But the regression to the mean should not be confused with the gambler’s fallacy that states that if an event occurs more frequently than normal in the past, then in the future it is less likely to happen even where it has been established that in such events the past does not determine the future i.e they are independent.

I was thinking about regression to the mean while coding some challenge that involved tossing heads and tails along with calculating their probability, so I decided to add a post on this phenomenon.

This is the gist of what we are looking for in the code. Suppose we have a coin that we flip a set number of times and find the average of those times. Then we aggregate the flips for several trials. For each trial, we look for the averages that were extremes and find out if the average flip after that extreme regressed towards the mean. Note that the mean of the flip of a coin is 0.5 because the probability that a fair coin will come heads is ½ and the probability it will come tails is also ½.

So after collecting the extremes along with the trial that comes after it, we will want to see if the trials were regressing towards the mean or not. We do this visually by plotting a graph of the extremes and the trials after the extremes.

So, here is the complete code. I will explain the graph that accompanies the code after you run it and then provide a detailed explanation of the code by lines.

After you run the above code, you will get a graph that looks like that below.

regression to mean python


We drew a line across the 0.5 mark on the y-axis that shows when the points cross the average line. From the graph you will see rightly that for several occasions, when there are extremes above or below the average line, the next trial results in an flip that moved towards the mean line except for one occasion when it did not. So, what is happening here? Because the coin flip is a random event, it has the tendency to exhibit this phenomenon.

Now, let me explain the code I used to draw the visuals. There are two functions here, one that acts as the coin flip function and the other to collect the extremes and subsequent trials.

First, the code for the coin flip.

    
def flip(num_flips):
    ''' assumes num_flips a positive int '''
    heads = 0
    for _ in range(num_flips):
        if random.choice(('H', 'T')) == 'H':
            heads += 1
    return heads/num_flips

The function, flip, takes as argument a specified number of flips that the coin should be tossed. Then for each flip which is done randomly, it finds out if the outcome was a head or a tail. If it is a head, it adds this to the heads variable and finally returns the average of all the flips.

Then the next function, regress_to_mean.

    
def regress_to_mean(num_flips, num_trials):
    # get fractions of heads for each trial of num_flips
    frac_heads = []
    for _ in range(num_trials):
        frac_heads.append(flip(num_flips))
    # find trials with extreme results and for each 
    # store it and the next trial
    extremes, next_trial = [], []
    for i in range(len(frac_heads) - 1):
        if frac_heads[i] < 0.33 or frac_heads[i] > 0.66:
            extremes.append(frac_heads[i])
            next_trial.append(frac_heads[i+1])
    # plot results 
    plt.plot(extremes, 'ko', label = 'Extremes')
    plt.plot(next_trial, 'k^', label = 'Next Trial')
    plt.axhline(0.5)
    plt.ylim(0,1)
    plt.xlim(-1, len(extremes) + 1)
    plt.xlabel('Extremes example and next trial')
    plt.ylabel('Fraction Heads')
    plt.title('Regression to the mean')
    plt.legend(loc='best')
    plt.savefig('regressmean.png')
    plt.show()

This function is the heart of the code.

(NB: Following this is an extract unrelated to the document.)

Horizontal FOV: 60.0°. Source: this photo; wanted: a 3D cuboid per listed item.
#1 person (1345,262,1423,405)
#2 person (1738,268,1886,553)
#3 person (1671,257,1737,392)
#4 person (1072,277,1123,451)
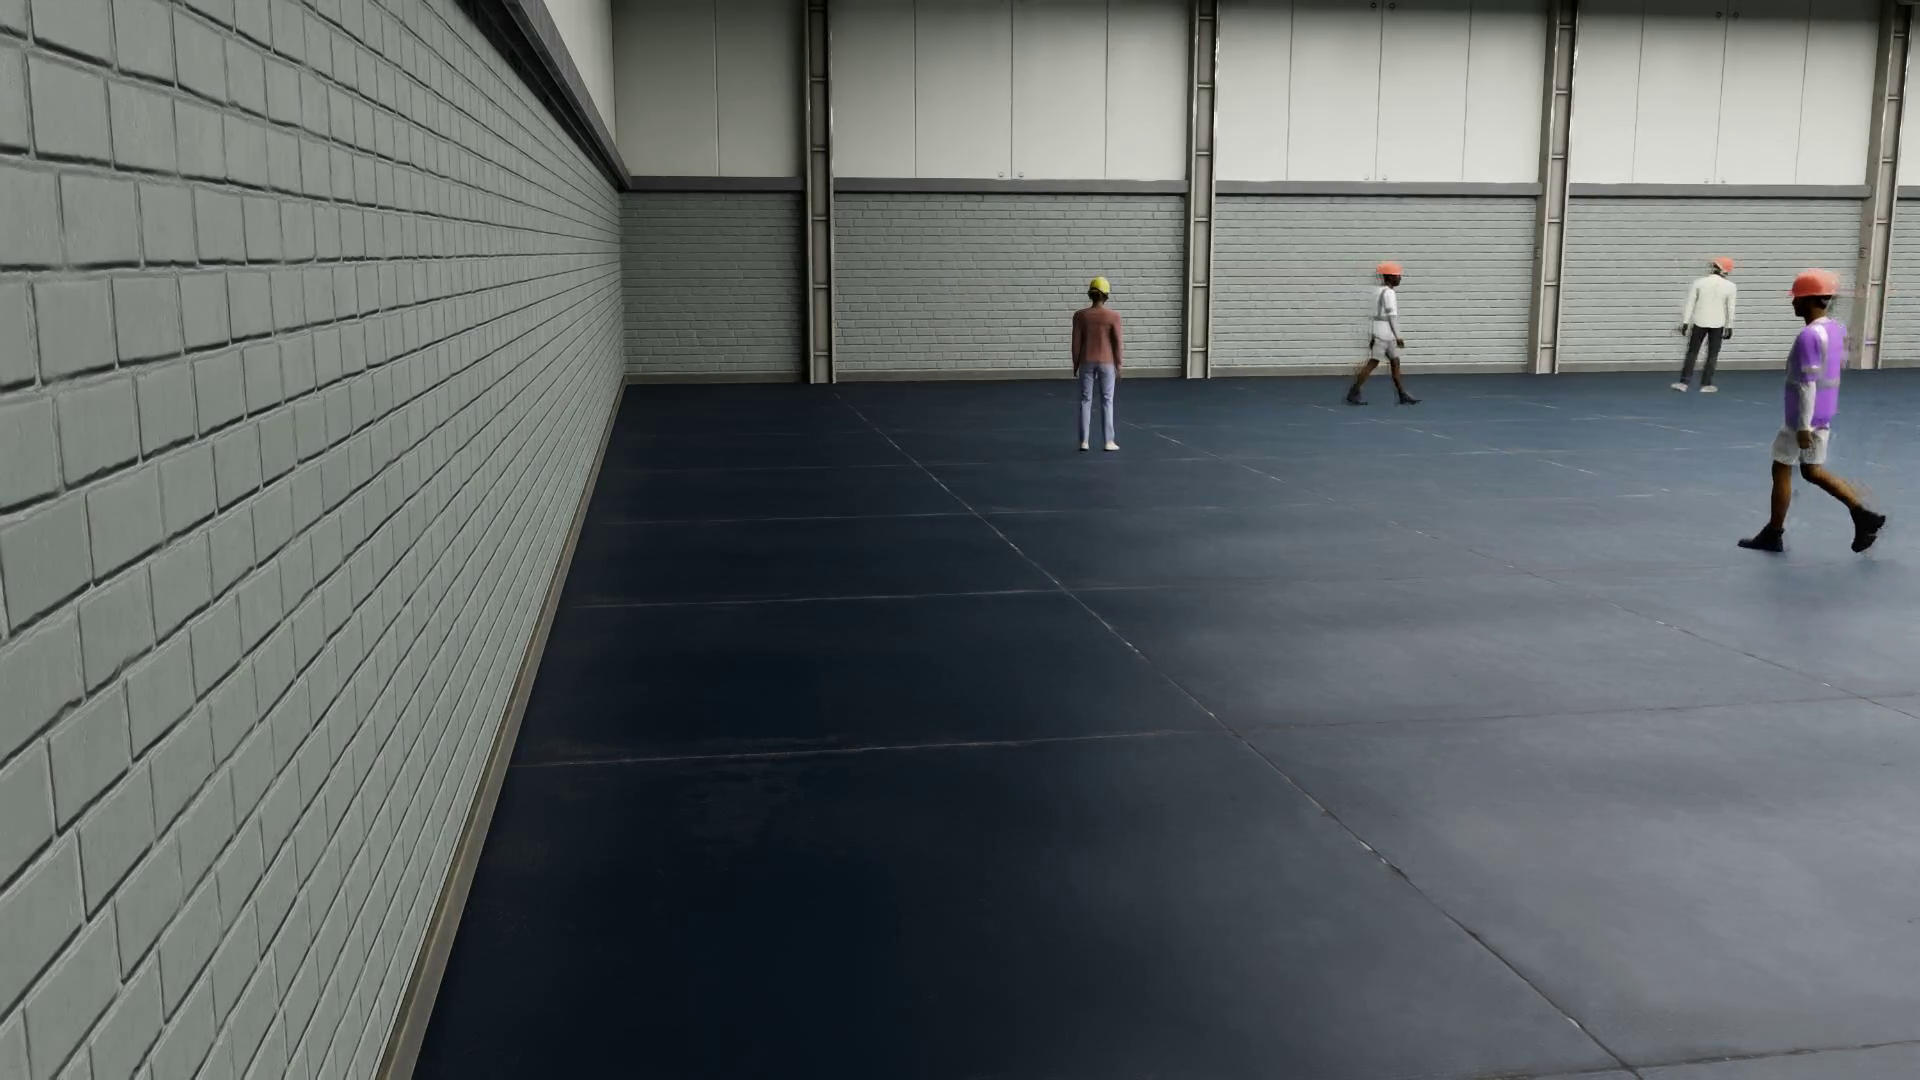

It flips the coin a set number of times for a set number of trials, accumulating each average for each trial in a list. Then later, it finds out which of the averages is an extreme or outlier. When it gets an outlier, it adds it to the extremes list, and then adds the next trial to the next_trial list. Finally, we used matplotlib to draw the visuals. The visuals is a plot of the extremes and next_trial figures with a horizontal line showing the average line for the viewer to better understand what direction the next trial is expected to move to when there is an extreme.

I hope you sure enjoyed the code. You can run it on your machine or download it to study it, regress_to_mean.py.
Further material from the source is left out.